*** RECORD EXCERPTS Section Begins ***
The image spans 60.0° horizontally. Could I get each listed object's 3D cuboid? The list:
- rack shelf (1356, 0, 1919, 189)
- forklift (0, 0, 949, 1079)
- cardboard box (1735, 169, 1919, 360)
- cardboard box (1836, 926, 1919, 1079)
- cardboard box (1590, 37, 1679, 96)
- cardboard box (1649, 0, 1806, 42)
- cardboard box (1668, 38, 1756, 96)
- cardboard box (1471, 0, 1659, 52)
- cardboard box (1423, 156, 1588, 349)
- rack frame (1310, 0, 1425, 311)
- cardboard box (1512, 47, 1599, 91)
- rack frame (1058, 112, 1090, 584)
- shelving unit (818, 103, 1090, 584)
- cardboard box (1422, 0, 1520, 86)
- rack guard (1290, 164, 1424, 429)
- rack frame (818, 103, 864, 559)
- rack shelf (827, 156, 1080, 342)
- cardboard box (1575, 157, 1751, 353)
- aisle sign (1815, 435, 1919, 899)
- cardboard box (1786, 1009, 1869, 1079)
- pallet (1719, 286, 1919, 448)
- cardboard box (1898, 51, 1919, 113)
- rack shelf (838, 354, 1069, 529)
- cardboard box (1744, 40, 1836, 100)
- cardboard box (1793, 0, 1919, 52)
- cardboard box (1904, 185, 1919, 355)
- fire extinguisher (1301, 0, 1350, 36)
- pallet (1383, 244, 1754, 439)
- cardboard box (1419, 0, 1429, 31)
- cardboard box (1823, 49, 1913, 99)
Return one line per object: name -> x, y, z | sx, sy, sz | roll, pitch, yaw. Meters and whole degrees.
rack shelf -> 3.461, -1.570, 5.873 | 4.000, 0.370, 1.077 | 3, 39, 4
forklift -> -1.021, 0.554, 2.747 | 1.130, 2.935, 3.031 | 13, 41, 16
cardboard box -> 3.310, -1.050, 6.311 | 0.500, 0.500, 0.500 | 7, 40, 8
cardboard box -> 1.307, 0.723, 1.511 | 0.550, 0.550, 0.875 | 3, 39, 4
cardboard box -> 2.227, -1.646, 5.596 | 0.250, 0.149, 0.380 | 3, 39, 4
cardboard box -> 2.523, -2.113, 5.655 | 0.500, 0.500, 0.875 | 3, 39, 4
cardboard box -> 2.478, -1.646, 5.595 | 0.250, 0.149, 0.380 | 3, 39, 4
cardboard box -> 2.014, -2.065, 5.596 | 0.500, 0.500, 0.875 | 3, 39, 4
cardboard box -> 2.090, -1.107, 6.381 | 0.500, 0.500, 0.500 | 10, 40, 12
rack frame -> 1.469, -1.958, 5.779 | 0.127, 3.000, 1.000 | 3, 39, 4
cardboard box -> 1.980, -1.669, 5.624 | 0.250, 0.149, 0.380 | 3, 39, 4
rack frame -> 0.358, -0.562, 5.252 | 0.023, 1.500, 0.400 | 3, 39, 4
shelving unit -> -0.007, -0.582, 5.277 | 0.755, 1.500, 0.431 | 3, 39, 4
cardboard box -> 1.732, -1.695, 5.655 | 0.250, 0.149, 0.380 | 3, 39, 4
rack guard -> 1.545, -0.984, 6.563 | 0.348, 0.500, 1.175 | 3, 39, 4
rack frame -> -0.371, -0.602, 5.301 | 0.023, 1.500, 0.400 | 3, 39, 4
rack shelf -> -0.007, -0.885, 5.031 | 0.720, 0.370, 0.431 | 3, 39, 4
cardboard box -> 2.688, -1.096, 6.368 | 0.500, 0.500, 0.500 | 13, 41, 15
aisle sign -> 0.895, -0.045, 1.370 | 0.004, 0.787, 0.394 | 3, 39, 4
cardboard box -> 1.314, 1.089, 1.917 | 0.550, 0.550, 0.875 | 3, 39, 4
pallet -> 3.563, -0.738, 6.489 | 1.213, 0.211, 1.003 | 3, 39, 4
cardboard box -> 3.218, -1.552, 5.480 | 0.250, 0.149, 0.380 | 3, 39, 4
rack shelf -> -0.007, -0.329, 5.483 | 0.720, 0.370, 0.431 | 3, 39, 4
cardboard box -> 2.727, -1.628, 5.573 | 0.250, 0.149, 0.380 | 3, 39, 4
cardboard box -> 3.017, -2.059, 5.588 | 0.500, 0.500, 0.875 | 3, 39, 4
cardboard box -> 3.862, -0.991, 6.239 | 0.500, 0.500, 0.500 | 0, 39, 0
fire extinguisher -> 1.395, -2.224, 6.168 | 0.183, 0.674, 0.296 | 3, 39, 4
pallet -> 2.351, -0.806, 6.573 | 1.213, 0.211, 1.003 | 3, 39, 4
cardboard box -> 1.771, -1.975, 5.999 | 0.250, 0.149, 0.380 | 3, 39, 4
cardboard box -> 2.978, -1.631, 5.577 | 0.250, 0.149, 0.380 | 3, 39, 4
*** RECORD EXCERPTS Section Ends ***
WHAT YOU HAVE TO DO:
All that belongs in your answer is the stretch of entries above from the line with "- forklift (0, 0, 949, 1079)" through the line with "- cardboard box (1823, 49, 1913, 99)", printed exactly.

RESPONSE TO THIS TASK:
- forklift (0, 0, 949, 1079)
- cardboard box (1735, 169, 1919, 360)
- cardboard box (1836, 926, 1919, 1079)
- cardboard box (1590, 37, 1679, 96)
- cardboard box (1649, 0, 1806, 42)
- cardboard box (1668, 38, 1756, 96)
- cardboard box (1471, 0, 1659, 52)
- cardboard box (1423, 156, 1588, 349)
- rack frame (1310, 0, 1425, 311)
- cardboard box (1512, 47, 1599, 91)
- rack frame (1058, 112, 1090, 584)
- shelving unit (818, 103, 1090, 584)
- cardboard box (1422, 0, 1520, 86)
- rack guard (1290, 164, 1424, 429)
- rack frame (818, 103, 864, 559)
- rack shelf (827, 156, 1080, 342)
- cardboard box (1575, 157, 1751, 353)
- aisle sign (1815, 435, 1919, 899)
- cardboard box (1786, 1009, 1869, 1079)
- pallet (1719, 286, 1919, 448)
- cardboard box (1898, 51, 1919, 113)
- rack shelf (838, 354, 1069, 529)
- cardboard box (1744, 40, 1836, 100)
- cardboard box (1793, 0, 1919, 52)
- cardboard box (1904, 185, 1919, 355)
- fire extinguisher (1301, 0, 1350, 36)
- pallet (1383, 244, 1754, 439)
- cardboard box (1419, 0, 1429, 31)
- cardboard box (1823, 49, 1913, 99)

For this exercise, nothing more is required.